130
votes

It's easy enough to represent a tree or list in haskell using algebraic data types. But how would you go about typographically representing a graph? It seems that you need to have pointers. I'm guessing you could have something like

type Nodetag = String
type Neighbours = [Nodetag]
data Node a = Node a Nodetag Neighbours

And that would be workable. However it feels a bit decoupled; The links between different nodes in the structure don't really "feel" as solid as the links between the current previous and next elements in a list, or the parents and children of a node in a tree. I have a hunch that doing algebraic manipulations on the graph as I defined it would be somewhat hindered by the level of indirection introduced through the tag system.

It is primarily this feeling of doubt and perception of inelegance that causes me to ask this question. Is there a better/more mathematically elegant way of defining graphs in Haskell? Or have I stumbled upon something inherently hard/fundamental? Recursive data structures are sweet, but this seems to be something else. A self referential data structure in a different sense to how trees and lists are self referential. It's like lists and trees are self referential at the type level, but graphs are self referential at the value level.

So what's really going on?

8
You might be interested in Martin Erwig's paper on functional graph algorithms: web.engr.oregonstate.edu/~erwig/papers/abstracts.html#JFP01. The fgl package developed out of this.John L
The 99 Haskell problems page shows some examples of graphs used in a problem solving context. It also has a short intro on different representations.dopamane

8 Answers

48
votes

I also find it awkward to try to represent data structures with cycles in a pure language.
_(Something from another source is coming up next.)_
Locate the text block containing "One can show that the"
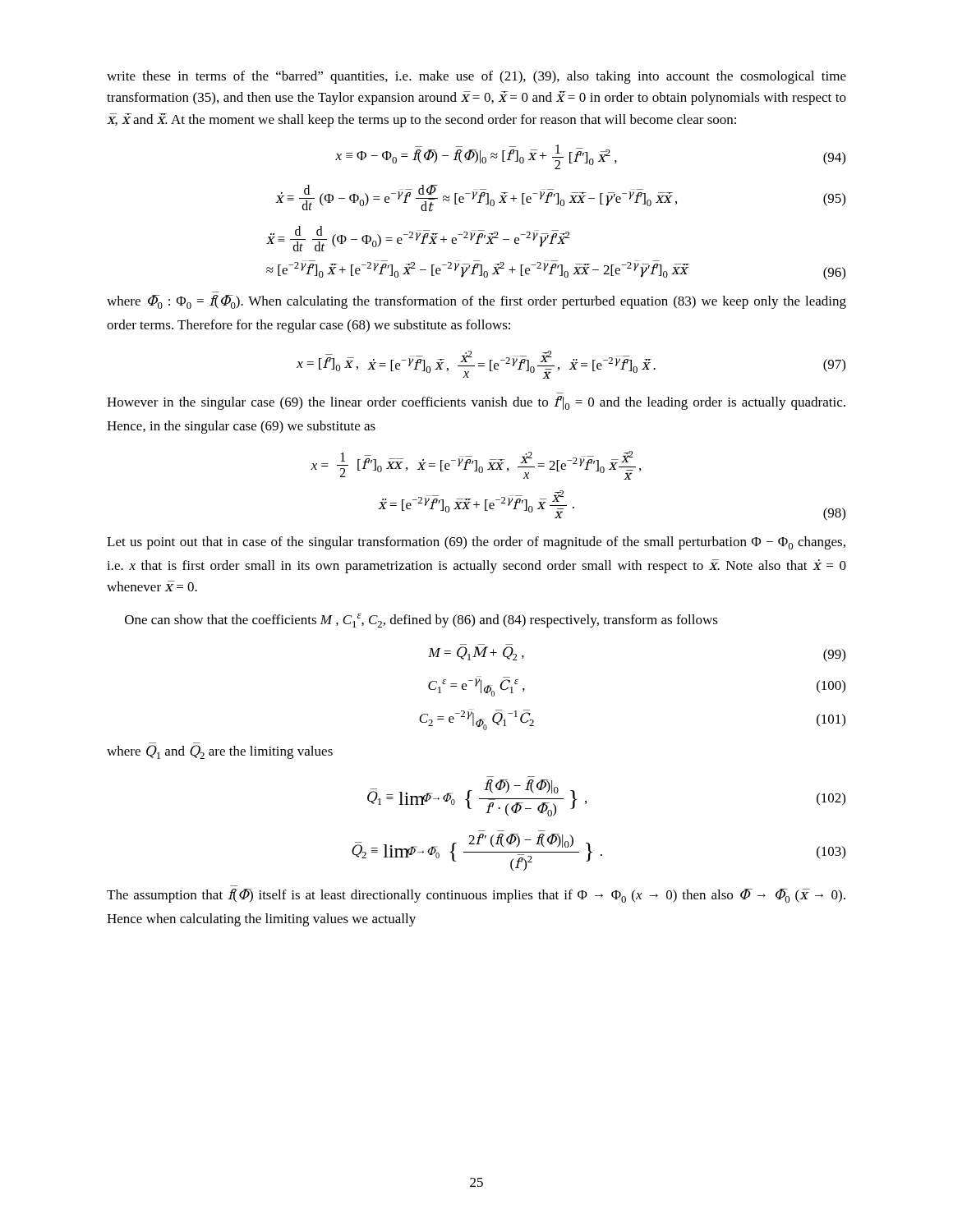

It's the cycles that are really the problem; because values can be shared any ADT that can contain a member of the type (including lists and trees) is really a DAG (Directed Acyclic Graph). The fundamental issue is that if you have values A and B, with A containing B and B containing A, then neither can be created before the other exists. Because Haskell is lazy you can use a trick known as Tying the Knot to get around this, but that makes my brain hurt (because I haven't done much of it yet). I've done more of my substantial programming in Mercury than Haskell so far, and Mercury is strict so knot-tying doesn't help.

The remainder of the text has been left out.